As I helped her carry some of the textbooks into her classroom, we made conversation about school and how long we thought we were gonna be here. Honestly, I couldn't see myself being here for much longer than I already had. Maybe I'd go to Europe to relive some old memories? But the more I thought about it, the more repulsed I was by the idea.

After that whole ordeal was over I went back to my classroom, surprised to see Frank waiting for me "Frank? What are you doing here? Aren't you supposed to be at work?" He walked past me and closed the door so no one would hear us. Something was going on...

"Yeah, I'm not really supposed to be here right now. But I need to talk to you." He sat down on one of the desks in the front row of the classroom "Remember when you told me that you were Immortal?"

"I didn't say I was Immortal." I corrected him, not wanting the term to be used so loosely "Just that I've lived for six thousand years."

"Either way, I think I found out how you could share your power. Not that you need to share your power with me, but if we're taking this relationship seriously I think we should at the very least consider it." And that's when I noticed the book he was holding "It's Les Prophéties? By Nostradamus? Or at least a copy of it. Anyway, what he said in here is really vague, but from what I could tell one of his poems said something about a lake in Europe or something. I bet if we could decode it, we could go there and find out what he was talking about?"

I could barely speak. Just thinking about going back there was something I was not very fond about "Frank, I don't know if that's the smartest idea. What if this book is wrong? What if there isn't anyway to share my power and I outlive you? What then?"

"Gerard, I'll be alright. I really think that we can do this, just trust me."

I stared at him, just thinking for a while. What if after we did this and Frank became like me, he left me because he just wanted to be like me? But then again, what if after saying no to him and we fall in love he grows old and dies and I don't and I get to live in pain for the rest of my life? There was too much to consider for me to think straight "I'll think about it." I finally say.

As Frank is about to walk out the door, he turns around "Hey, do you want to go out again sometime?" I nodded and he smiled back at me "Great.

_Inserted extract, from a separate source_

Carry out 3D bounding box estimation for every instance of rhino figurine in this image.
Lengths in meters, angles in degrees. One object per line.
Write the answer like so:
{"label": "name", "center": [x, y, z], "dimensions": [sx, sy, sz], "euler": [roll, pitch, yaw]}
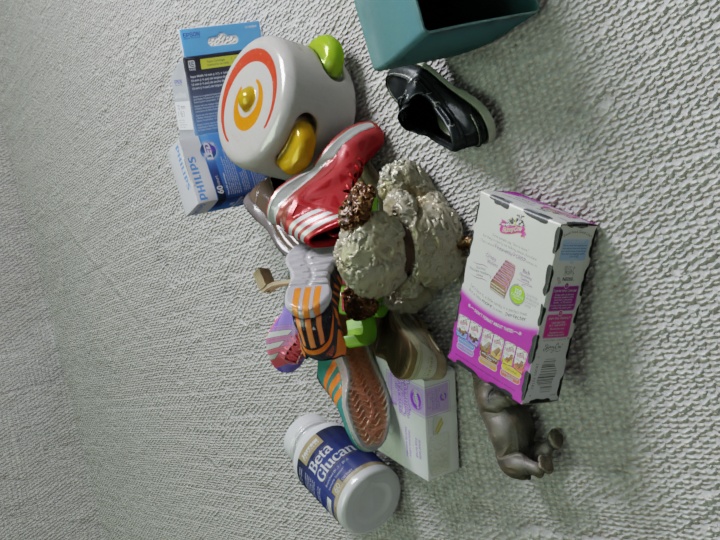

Should we just stay at your house then?" Another nod "Alright, I'll see you then."

As soon as he was gone, I sat back down in my chair with a heavy sigh trying to enjoy what little time I had left of my lunch break. When did everything in my life get so chaotic all of a sudden? I had to worry about what Frank had mentioned about Europe and on top of that wonder what we would do at our date. And, as I had remembered, I still hadn't learned how to ride a bike.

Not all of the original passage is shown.